If you have a grape plant and want more grape plants, it’s easy to grow your own. Or so says my extension agent, so we’re going to give it a try. I would have waited until I had results to show you, but thought I’d share the information now and results later in case you want to try this yourself this year–it has to be done while the grape plants are dormant, and since spring is coming up quick that really means it really needs done now.

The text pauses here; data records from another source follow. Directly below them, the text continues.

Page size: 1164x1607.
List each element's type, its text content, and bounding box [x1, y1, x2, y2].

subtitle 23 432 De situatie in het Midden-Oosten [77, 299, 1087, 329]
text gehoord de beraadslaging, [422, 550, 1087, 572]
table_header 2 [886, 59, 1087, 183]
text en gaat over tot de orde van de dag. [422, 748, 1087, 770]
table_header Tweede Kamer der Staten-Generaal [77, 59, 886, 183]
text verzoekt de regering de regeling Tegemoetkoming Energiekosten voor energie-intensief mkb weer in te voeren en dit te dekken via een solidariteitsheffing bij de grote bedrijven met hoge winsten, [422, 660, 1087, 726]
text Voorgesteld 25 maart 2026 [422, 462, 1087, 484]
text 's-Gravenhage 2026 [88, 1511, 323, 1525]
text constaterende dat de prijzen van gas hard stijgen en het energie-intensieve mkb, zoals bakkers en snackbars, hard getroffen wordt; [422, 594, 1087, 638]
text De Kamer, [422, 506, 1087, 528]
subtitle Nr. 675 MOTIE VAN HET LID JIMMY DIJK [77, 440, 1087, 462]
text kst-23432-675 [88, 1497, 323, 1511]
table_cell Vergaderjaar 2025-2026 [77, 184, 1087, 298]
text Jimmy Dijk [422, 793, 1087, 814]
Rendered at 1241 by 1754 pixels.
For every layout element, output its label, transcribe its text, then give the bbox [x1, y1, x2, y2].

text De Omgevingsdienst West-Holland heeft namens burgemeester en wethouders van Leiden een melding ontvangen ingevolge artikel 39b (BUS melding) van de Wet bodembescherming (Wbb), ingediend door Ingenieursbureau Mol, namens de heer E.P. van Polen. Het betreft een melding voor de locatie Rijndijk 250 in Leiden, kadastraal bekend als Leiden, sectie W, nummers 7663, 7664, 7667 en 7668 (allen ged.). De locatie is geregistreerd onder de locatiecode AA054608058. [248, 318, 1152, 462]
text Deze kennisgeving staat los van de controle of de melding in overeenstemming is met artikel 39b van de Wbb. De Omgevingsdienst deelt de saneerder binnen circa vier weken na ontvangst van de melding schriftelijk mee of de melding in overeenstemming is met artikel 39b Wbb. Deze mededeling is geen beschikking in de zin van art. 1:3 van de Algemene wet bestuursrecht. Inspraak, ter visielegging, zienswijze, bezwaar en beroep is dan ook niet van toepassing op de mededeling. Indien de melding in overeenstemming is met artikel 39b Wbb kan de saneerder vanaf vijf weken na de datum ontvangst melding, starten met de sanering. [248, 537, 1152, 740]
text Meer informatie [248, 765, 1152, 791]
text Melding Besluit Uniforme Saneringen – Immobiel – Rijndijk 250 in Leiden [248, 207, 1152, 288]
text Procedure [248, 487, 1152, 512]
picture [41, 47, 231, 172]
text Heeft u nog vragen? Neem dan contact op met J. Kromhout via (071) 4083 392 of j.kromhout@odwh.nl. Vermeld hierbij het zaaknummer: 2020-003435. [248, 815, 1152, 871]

Every year your grape plants can be pruned back so they only have 30-40 “buds” on the whole plant. The buds are the nobs on the branches where leaves were last year that will produce more new branches this year. This means that you can leave ten shoots off the main branch with 3-4 buds per shoot or 3-4 longer branches with 10 buds per branch. So a lot of last year’s growth on your grape plant can be trimmed off while the plant is dormant through the winter months. These cuttings are perfect for starting your own new grape plants.

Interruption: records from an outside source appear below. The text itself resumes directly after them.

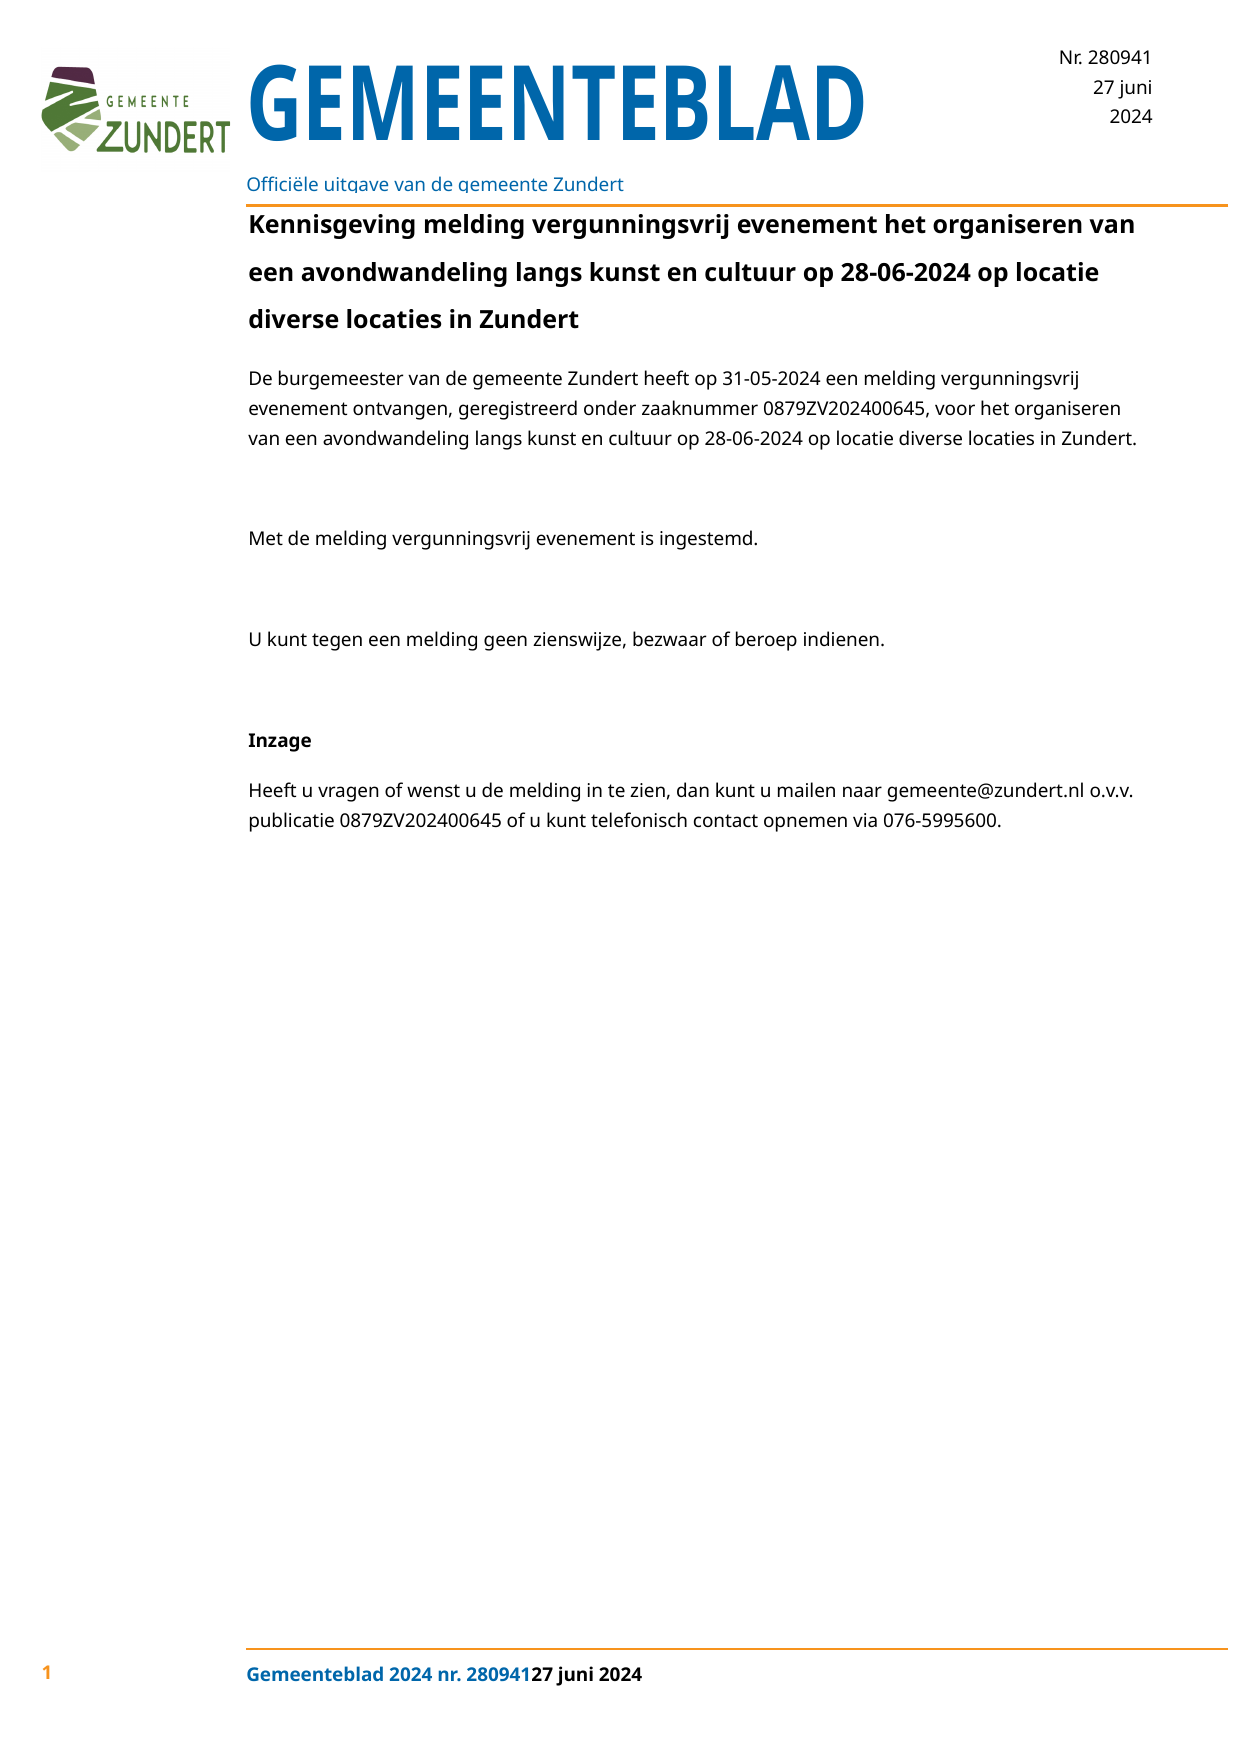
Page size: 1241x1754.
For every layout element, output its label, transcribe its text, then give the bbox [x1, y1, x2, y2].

text U kunt tegen een melding geen zienswijze, bezwaar of beroep indienen. [248, 626, 1152, 652]
picture [41, 47, 231, 172]
text Met de melding vergunningsvrij evenement is ingestemd. [248, 526, 1152, 551]
text Inzage [248, 727, 1152, 753]
text De burgemeester van de gemeente Zundert heeft op 31-05-2024 een melding vergunningsvrij evenement ontvangen, geregistreerd onder zaaknummer 0879ZV202400645, voor het organiseren van een avondwandeling langs kunst en cultuur op 28-06-2024 op locatie diverse locaties in Zundert. [248, 366, 1152, 450]
text Heeft u vragen of wenst u de melding in te zien, dan kunt u mailen naar gemeente@zundert.nl o.v.v. publicatie 0879ZV202400645 of u kunt telefonisch contact opnemen via 076-5995600. [248, 778, 1152, 833]
text Kennisgeving melding vergunningsvrij evenement het organiseren van een avondwandeling langs kunst en cultuur op 28-06-2024 op locatie diverse locaties in Zundert [248, 207, 1152, 336]

Take a chunk of the grape vine you just trimmed. This must be last year’s growth.Cut a section of that vine with three buds. Make sure you keep track of which direction the vine was growing as you’ll need to plant it growing the same way. I cut the bottom section at an angle and the top straight. I did a bunch expecting some fail rate in this experiment (click on the picture to get a closer look).
Now take those 3-bud cuttings and plant them in some potting soil so the bottom bud is buried and the other two are above the soil line. You don’t want to have the top leaf out before the roots start growing, so ideally you’ll want to warm the soil and keep the top of the plant cool for a while. I’m not that technologically advanced, so we’re just planting them in some potting soil inside and we’ll see if any grow. Keep the soil good and moist so the roots can grow. You can treat the bottom of your cutting with a rooting hormone before planting to help encourage root growth if you’d like.

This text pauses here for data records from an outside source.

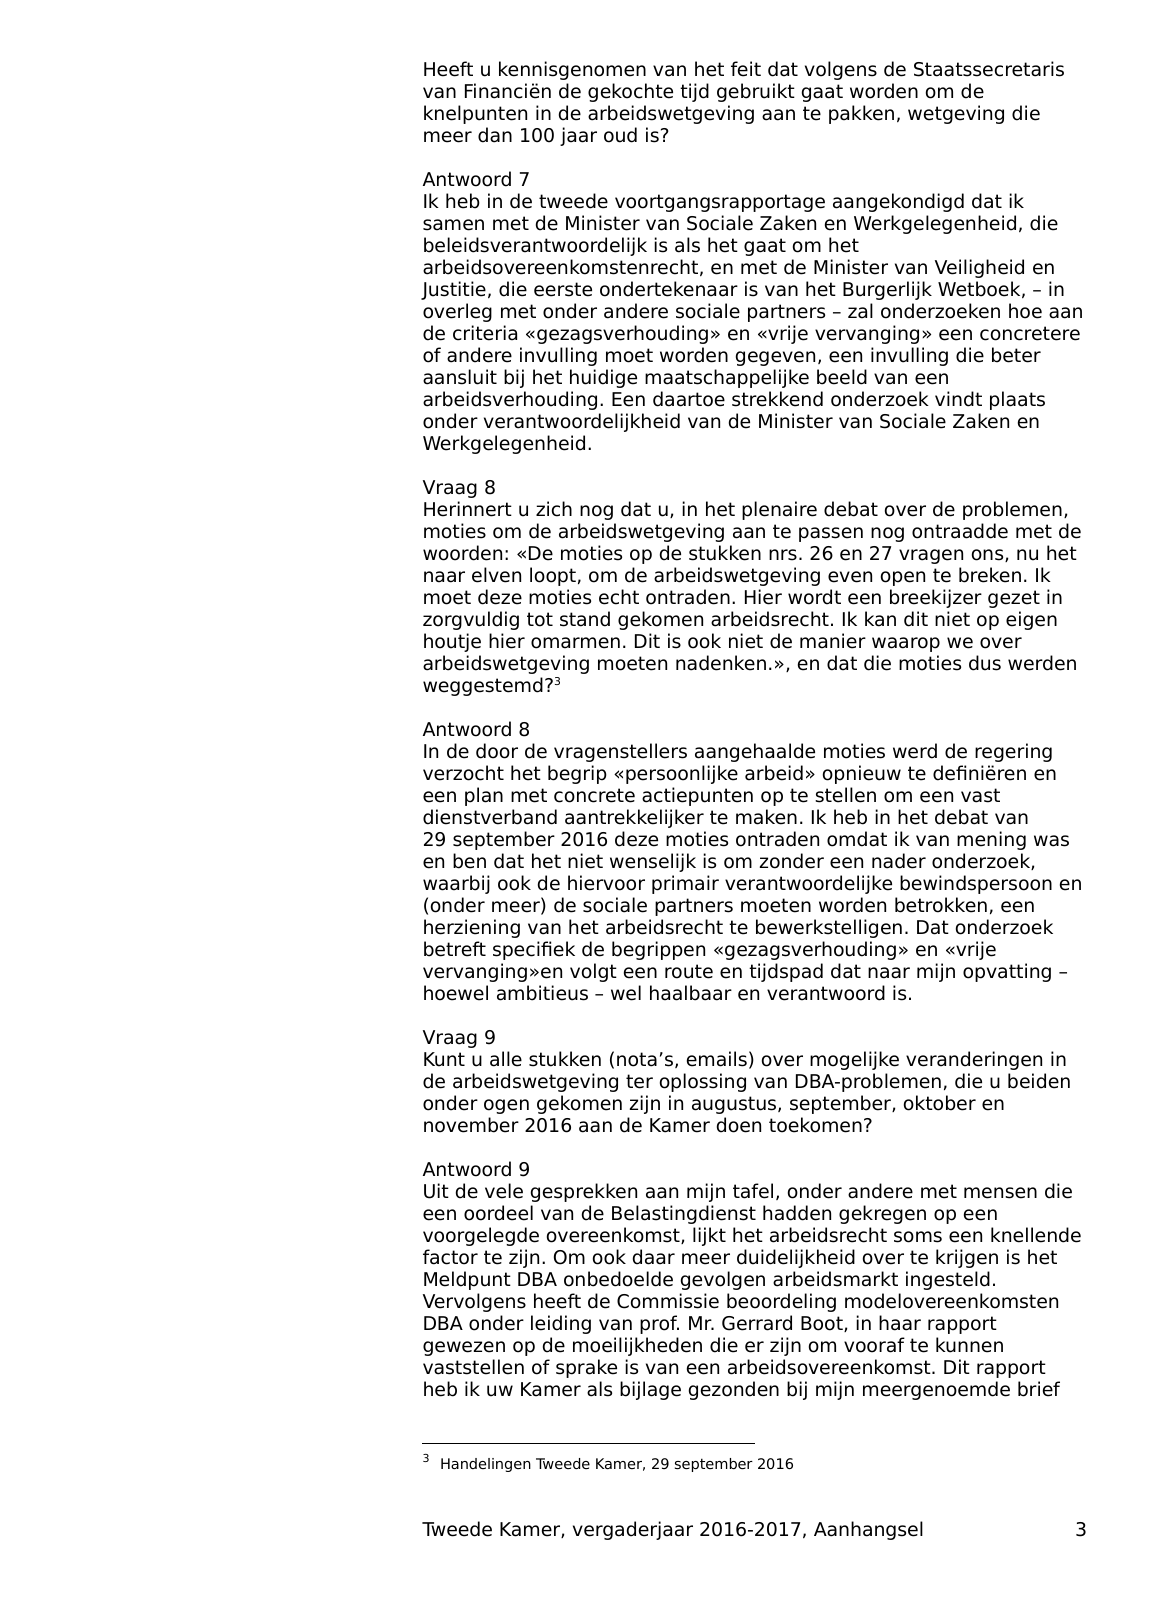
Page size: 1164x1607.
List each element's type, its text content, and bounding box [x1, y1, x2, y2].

text In de door de vragenstellers aangehaalde moties werd de regering verzocht het begrip «persoonlijke arbeid» opnieuw te definiëren en een plan met concrete actiepunten op te stellen om een vast dienstverband aantrekkelijker te maken. Ik heb in het debat van 29 september 2016 deze moties ontraden omdat ik van mening was en ben dat het niet wenselijk is om zonder een nader onderzoek, waarbij ook de hiervoor primair verantwoordelijke bewindspersoon en (onder meer) de sociale partners moeten worden betrokken, een herziening van het arbeidsrecht te bewerkstelligen. Dat onderzoek betreft specifiek de begrippen «gezagsverhouding» en «vrije vervanging»en volgt een route en tijdspad dat naar mijn opvatting – hoewel ambitieus – wel haalbaar en verantwoord is. [422, 741, 1087, 1005]
text Uit de vele gesprekken aan mijn tafel, onder andere met mensen die een oordeel van de Belastingdienst hadden gekregen op een voorgelegde overeenkomst, lijkt het arbeidsrecht soms een knellende factor te zijn. Om ook daar meer duidelijkheid over te krijgen is het Meldpunt DBA onbedoelde gevolgen arbeidsmarkt ingesteld. Vervolgens heeft de Commissie beoordeling modelovereenkomsten DBA onder leiding van prof. Mr. Gerrard Boot, in haar rapport gewezen op de moeilijkheden die er zijn om vooraf te kunnen vaststellen of sprake is van een arbeidsovereenkomst. Dit rapport heb ik uw Kamer als bijlage gezonden bij mijn meergenoemde brief [422, 1181, 1087, 1401]
text Heeft u kennisgenomen van het feit dat volgens de Staatssecretaris van Financiën de gekochte tijd gebruikt gaat worden om de knelpunten in de arbeidswetgeving aan te pakken, wetgeving die meer dan 100 jaar oud is? [422, 59, 1087, 147]
text Antwoord 7 [422, 169, 1087, 191]
text Ik heb in de tweede voortgangsrapportage aangekondigd dat ik samen met de Minister van Sociale Zaken en Werkgelegenheid, die beleidsverantwoordelijk is als het gaat om het arbeidsovereenkomstenrecht, en met de Minister van Veiligheid en Justitie, die eerste ondertekenaar is van het Burgerlijk Wetboek, – in overleg met onder andere sociale partners – zal onderzoeken hoe aan de criteria «gezagsverhouding» en «vrije vervanging» een concretere of andere invulling moet worden gegeven, een invulling die beter aansluit bij het huidige maatschappelijke beeld van een arbeidsverhouding. Een daartoe strekkend onderzoek vindt plaats onder verantwoordelijkheid van de Minister van Sociale Zaken en Werkgelegenheid. [422, 191, 1087, 455]
text Antwoord 9 [422, 1159, 1087, 1181]
text Herinnert u zich nog dat u, in het plenaire debat over de problemen, moties om de arbeidswetgeving aan te passen nog ontraadde met de woorden: «De moties op de stukken nrs. 26 en 27 vragen ons, nu het naar elven loopt, om de arbeidswetgeving even open te breken. Ik moet deze moties echt ontraden. Hier wordt een breekijzer gezet in zorgvuldig tot stand gekomen arbeidsrecht. Ik kan dit niet op eigen houtje hier omarmen. Dit is ook niet de manier waarop we over arbeidswetgeving moeten nadenken.», en dat die moties dus werden weggestemd? [422, 499, 1087, 697]
text Handelingen Tweede Kamer, 29 september 2016 [422, 1452, 1087, 1474]
text Kunt u alle stukken (nota’s, emails) over mogelijke veranderingen in de arbeidswetgeving ter oplossing van DBA-problemen, die u beiden onder ogen gekomen zijn in augustus, september, oktober en november 2016 aan de Kamer doen toekomen? [422, 1049, 1087, 1137]
text Antwoord 8 [422, 719, 1087, 741]
text Vraag 9 [422, 1027, 1087, 1049]
text Vraag 8 [422, 477, 1087, 499]

I got a couple of grape plant cuttings from this same extension agent, but didn’t get them planted right away–I kept them damp in the refrigerator until I was ready to put them in the dirt. This is supposed to be possible, but I think I must have kept them over-damp because they started growing mold on the stalks. I might have killed them, but I put them in the dirt anyway, just in case they might decide to grow.
Once the little plants have leaves and it’s warm enough to plant them outside, just separate each new vine with its roots intact and plant them outside where you want your new grape vine to grow. I love free plants. I’ll let you know how these turn out.